** Work item **
Look for the line that has "Document page, 1500x844 pixels." in the material below; please repeat it and every line after it, exactly, up to and including the line that has "List each element's", and nothing else.

** The data **
★ ★ ★ ★ ★

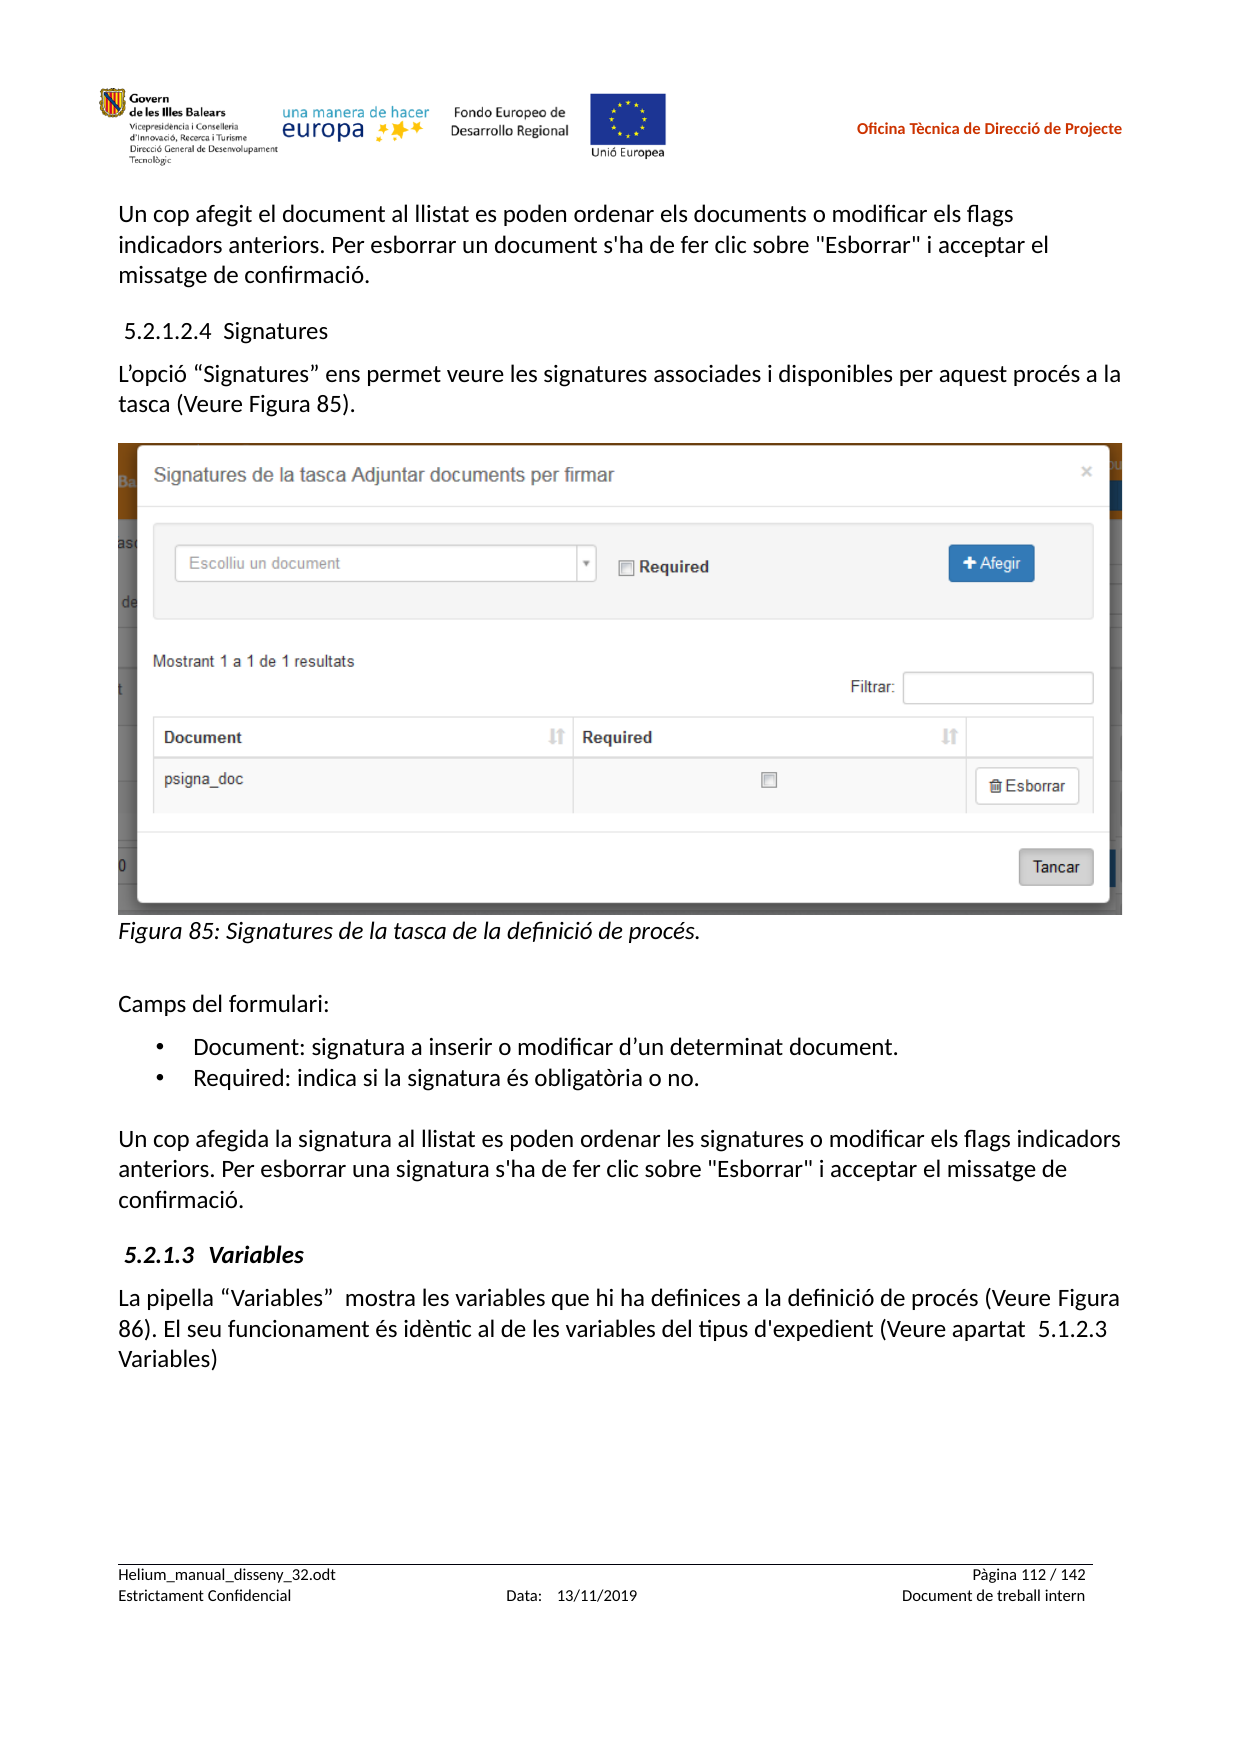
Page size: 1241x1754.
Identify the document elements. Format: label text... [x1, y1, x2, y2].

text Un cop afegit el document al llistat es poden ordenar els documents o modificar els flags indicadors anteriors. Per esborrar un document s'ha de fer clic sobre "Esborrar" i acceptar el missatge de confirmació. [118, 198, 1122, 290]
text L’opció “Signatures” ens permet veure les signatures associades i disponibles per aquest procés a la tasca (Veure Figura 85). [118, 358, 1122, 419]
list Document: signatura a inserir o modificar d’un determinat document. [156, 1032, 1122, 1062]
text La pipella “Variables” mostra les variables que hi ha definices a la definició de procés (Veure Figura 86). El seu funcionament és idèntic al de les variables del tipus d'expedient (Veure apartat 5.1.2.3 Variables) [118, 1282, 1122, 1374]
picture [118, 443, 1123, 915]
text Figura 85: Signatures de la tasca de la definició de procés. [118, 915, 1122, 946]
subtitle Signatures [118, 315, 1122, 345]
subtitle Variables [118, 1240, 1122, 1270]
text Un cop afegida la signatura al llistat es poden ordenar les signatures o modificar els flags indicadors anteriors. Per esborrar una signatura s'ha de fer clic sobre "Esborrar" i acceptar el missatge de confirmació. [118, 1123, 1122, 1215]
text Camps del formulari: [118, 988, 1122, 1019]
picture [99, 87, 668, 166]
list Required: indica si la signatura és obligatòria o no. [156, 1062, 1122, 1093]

★ ★ ★ ★ ★

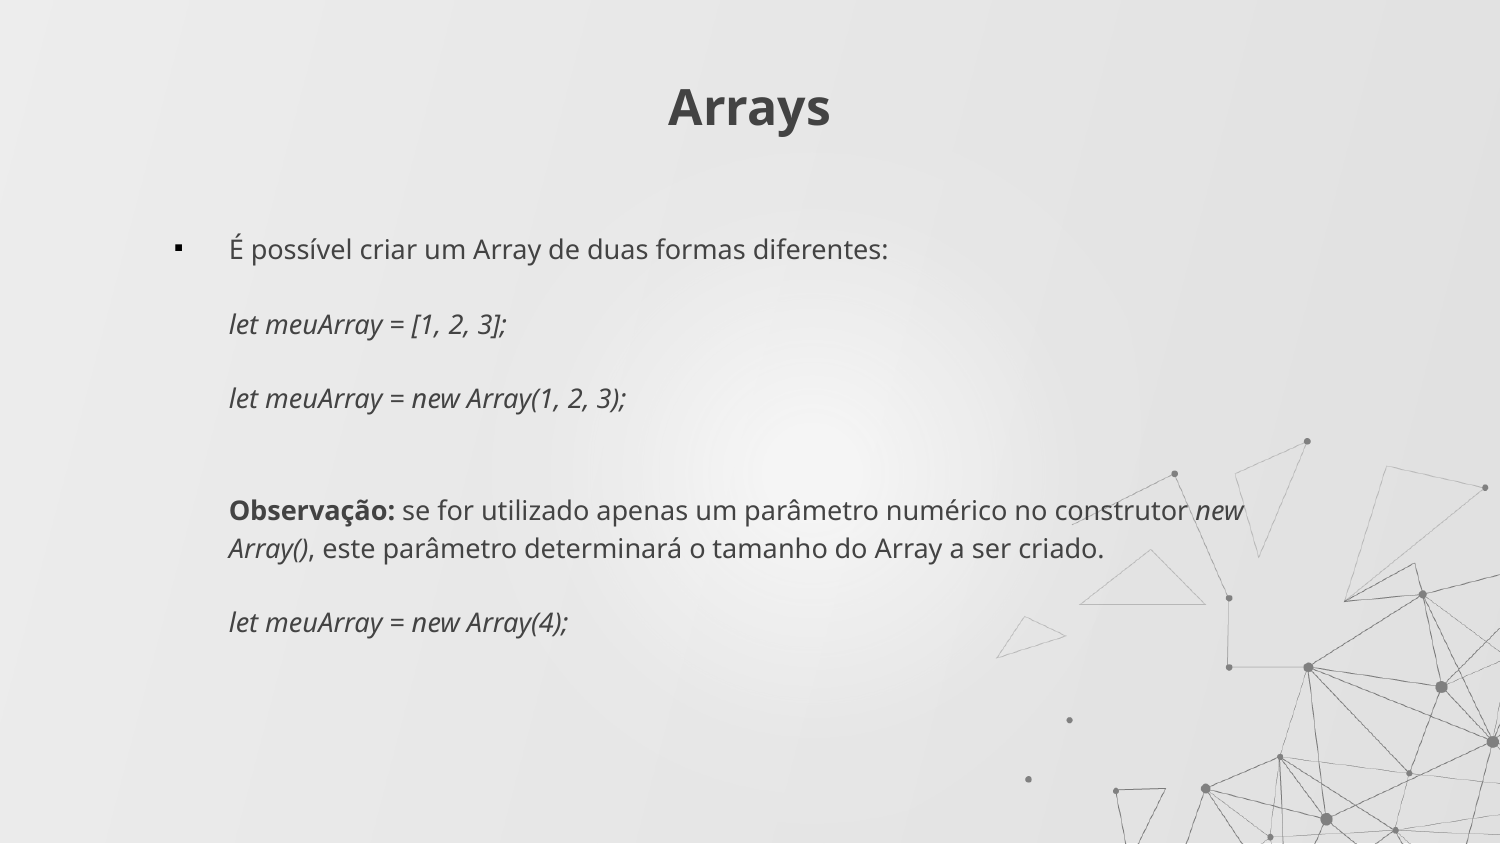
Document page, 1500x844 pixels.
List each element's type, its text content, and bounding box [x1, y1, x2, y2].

★ ★ ★ ★ ★

** Solved exercise **
Document page, 1500x844 pixels.
List each element's type, its text content, and bounding box [x1, y1, x2, y2].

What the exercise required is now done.